■ Given data:
○ ○ ○ ○ ○ ○ ○
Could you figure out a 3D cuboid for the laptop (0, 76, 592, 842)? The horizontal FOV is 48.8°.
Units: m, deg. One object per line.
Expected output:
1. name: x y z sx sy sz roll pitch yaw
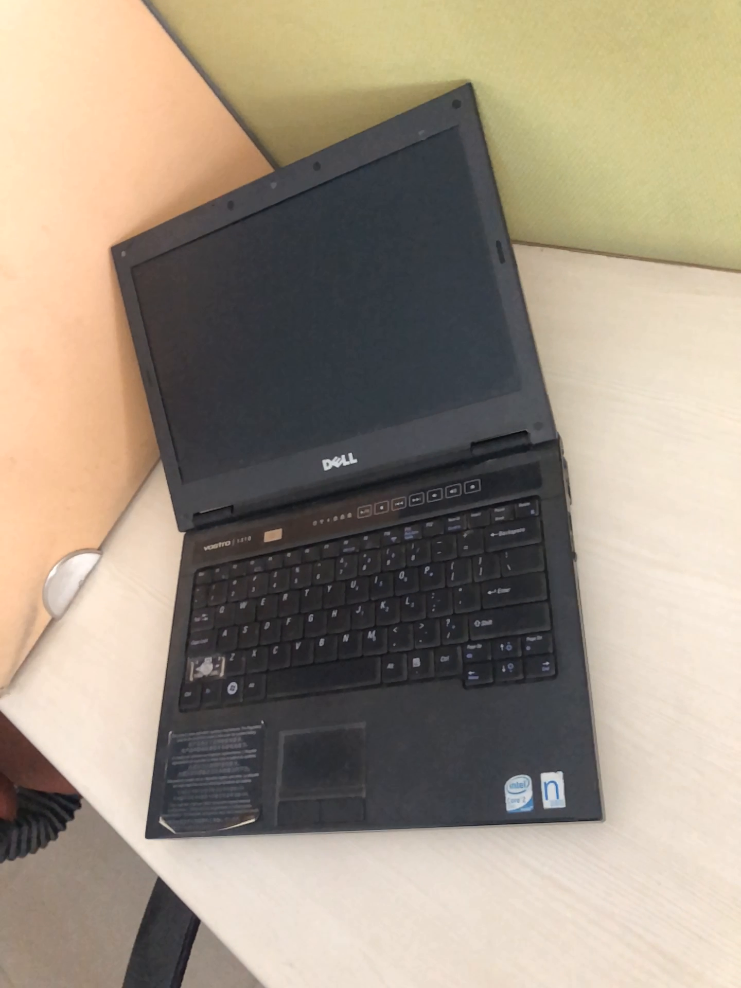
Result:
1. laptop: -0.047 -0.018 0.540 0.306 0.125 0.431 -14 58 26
○ ○ ○ ○ ○ ○ ○
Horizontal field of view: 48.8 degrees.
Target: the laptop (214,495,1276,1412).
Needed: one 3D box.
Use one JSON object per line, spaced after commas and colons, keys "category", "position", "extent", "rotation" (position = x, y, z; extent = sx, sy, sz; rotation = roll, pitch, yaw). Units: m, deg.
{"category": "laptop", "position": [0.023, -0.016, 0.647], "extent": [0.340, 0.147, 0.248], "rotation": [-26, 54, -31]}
○ ○ ○ ○ ○ ○ ○
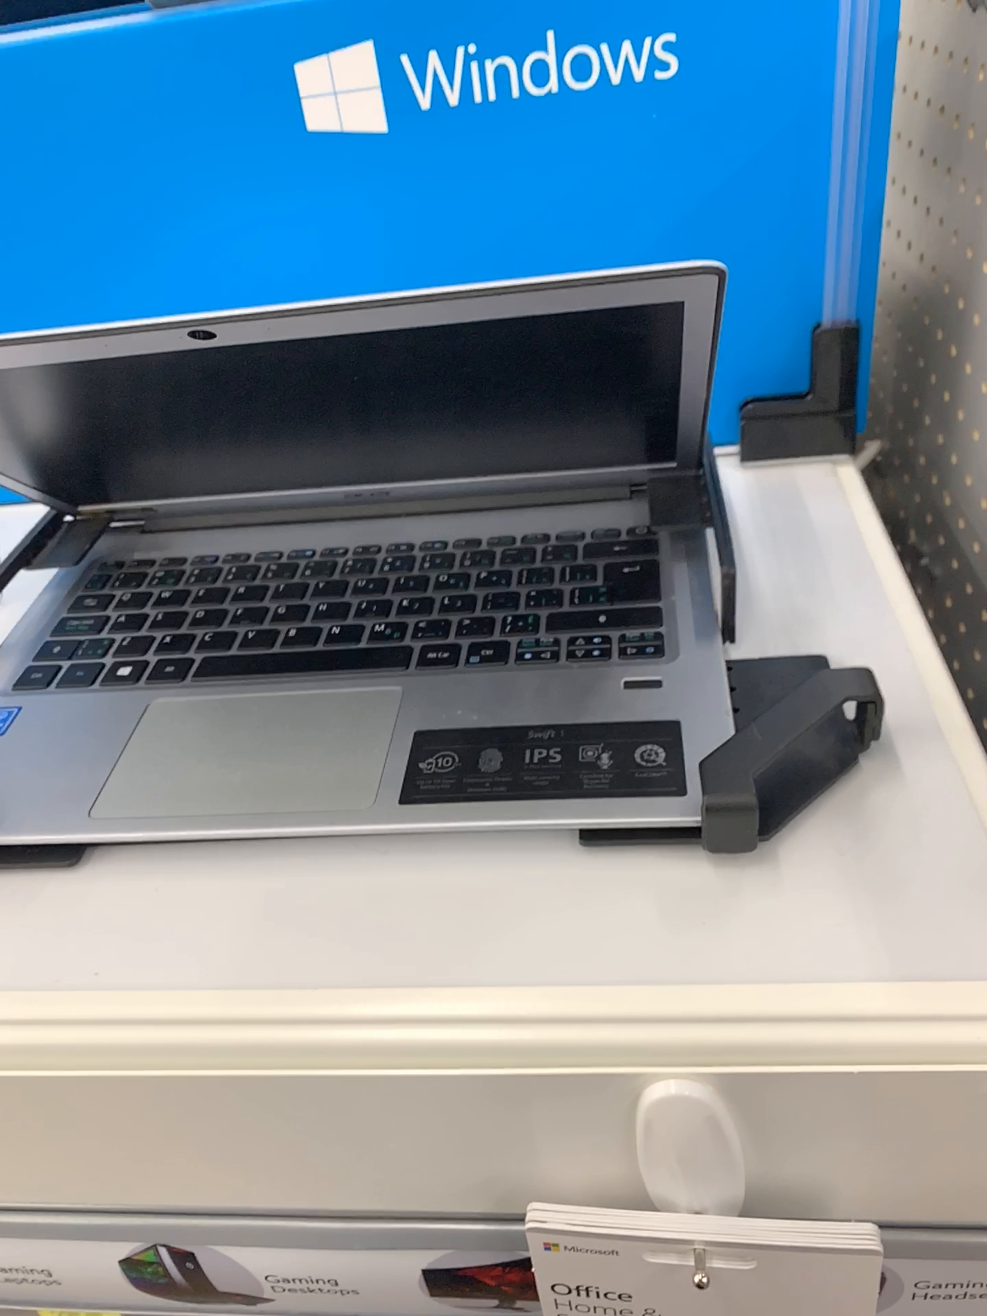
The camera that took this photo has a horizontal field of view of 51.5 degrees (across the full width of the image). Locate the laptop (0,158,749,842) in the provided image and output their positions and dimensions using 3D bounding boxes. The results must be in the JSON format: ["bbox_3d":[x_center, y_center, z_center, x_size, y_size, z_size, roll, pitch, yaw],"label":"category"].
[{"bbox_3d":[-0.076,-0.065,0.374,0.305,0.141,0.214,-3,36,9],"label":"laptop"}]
○ ○ ○ ○ ○ ○ ○
■ Problem to solve: When you reach the line containing "Target: the laptop (214,495,1276,1412)." in the data above, start copying exactly, and stop after the line containing "Needed: one 3D box.".

■ Expected answer:
Target: the laptop (214,495,1276,1412).
Needed: one 3D box.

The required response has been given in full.